Um welche Szene(n) geht es?
Re: Rätsel
Φιλομαθής schrieb am 28.04.2018 um 18:20 Uhr (Zitieren)
Die zweite Szene kann man als Bildfolge in Dresden betrachten. Die Rolle des Protagonisten übernimmt dabei der sächsische Kurfürst höchstselbst.
Re: Rätsel
Φιλομαθής schrieb am 28.04.2018 um 18:28 Uhr (Zitieren)
Die erste Szene ist durch zahlreiche Verfilmungen und Buchillustrationen im kollektiven Gedächtnis freilich weitaus präsenter.
Re: Rätsel
filix schrieb am 28.04.2018 um 19:53 Uhr (Zitieren)
Gratuliere.

Lamuel Gulliver, seines Zeichens u.a. Schiffsarzt, strandet in Jonathan Swifts Satire Gulliver's Travels or Travels into Several Remote Nations of the World. In Four Parts. (1726) auf der Insel Liliput, wo er im Schlaf von den zwergenhaften Einwohnern, die aus dem langen und blutigen Streit, auf welcher Seite ein gekochtes Ei aufzuschlagen sei, schließlich als Partei des spitzen Endes (Small-endians) hervorgegangen sind, umringt und gefesselt wird.

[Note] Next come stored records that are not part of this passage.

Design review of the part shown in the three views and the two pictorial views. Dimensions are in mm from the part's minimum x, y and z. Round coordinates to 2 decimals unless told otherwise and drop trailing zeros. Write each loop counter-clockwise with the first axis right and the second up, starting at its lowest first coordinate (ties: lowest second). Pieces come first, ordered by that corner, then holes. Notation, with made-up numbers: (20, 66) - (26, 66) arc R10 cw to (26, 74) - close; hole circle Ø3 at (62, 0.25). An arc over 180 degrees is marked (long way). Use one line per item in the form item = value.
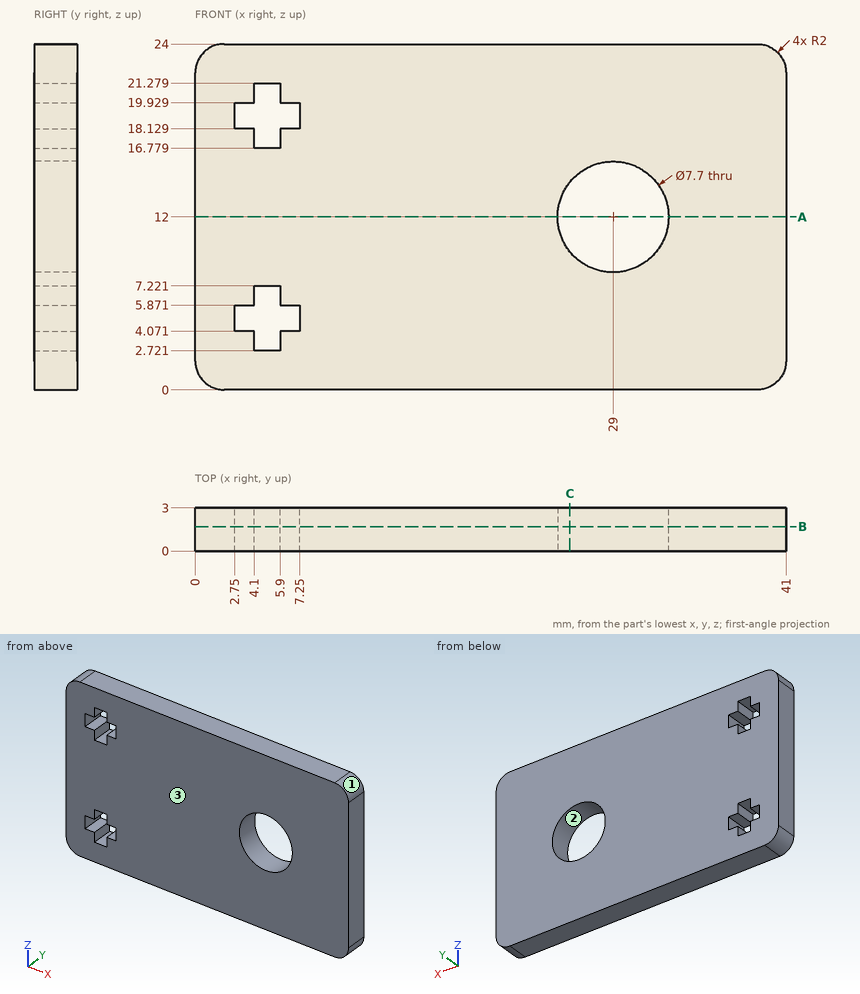
Q1. To check wall thickness, follow line 1 along X through (y, z) = (1.1, 12); line 2 along Z through (x, y) = (6.5, 2.05); line 3 along X through (y, z) = (2.3, 4.25). State the ranges of each line that lie inside material, in increasing order. Write a range as from..to.
Calculated:
line_1 = 0..25.15, 32.85..41
line_2 = 0..4.07, 5.87..18.13, 19.93..24
line_3 = 0..2.75, 7.25..41
Q2. We need section C-C on x = 26. Write out the cut boundary in (y, z).
Calculated:
outline = (0, 0) - (3, 0) - (3, 9.59) - (0, 9.59) - close; (0, 14.41) - (3, 14.41) - (3, 24) - (0, 24) - close
Q3. We need section A-A on z = 12. Write out the cut boundary in (x, y).
Calculated:
outline = (0, 0) - (25.15, 0) - (25.15, 3) - (0, 3) - close; (32.85, 0) - (41, 0) - (41, 3) - (32.85, 3) - close
Q4. We need section B-B on y = 1.7. State how many separate pieces and enclosed holes the cut face has, then the cut area to 3 significant figures.
Calculated:
separate_pieces = 1
enclosed_holes = 3
area = 908 mm2
Q5. Draft analysis for pull direction X (two halves, no side actions). For the marked faces 1, 2 and 3, state which applies: released by +X, released by -X, zero draft, split by the parting line, or undercut.
Calculated:
face_1 = released by +X
face_2 = undercut
face_3 = zero draft

Eine vielleicht nicht ganz so bekannte Darstellung aus dem 19. Jhdt. stammt von Jean-Georges Vibert: https://tinyurl.com/yankavgl

Vorbild könnte eine Szene gewesen sein, die zu den Legenden um Herakles zählt. Dieser soll, nachdem er in Libya den Riesen Antaios bezwungen hatte, eingeschlafen und von den dort sesshaften Pygmäen, einem fabelhaften Volk geringer Körpergröße, das schon bei Homer in erbitterter Feindschaft zu den Kranichen lebte, gleichfalls umzingelt und angegriffen worden sein. Anders als sein literarischer Nachfahre schüttelt er sie einfach ab.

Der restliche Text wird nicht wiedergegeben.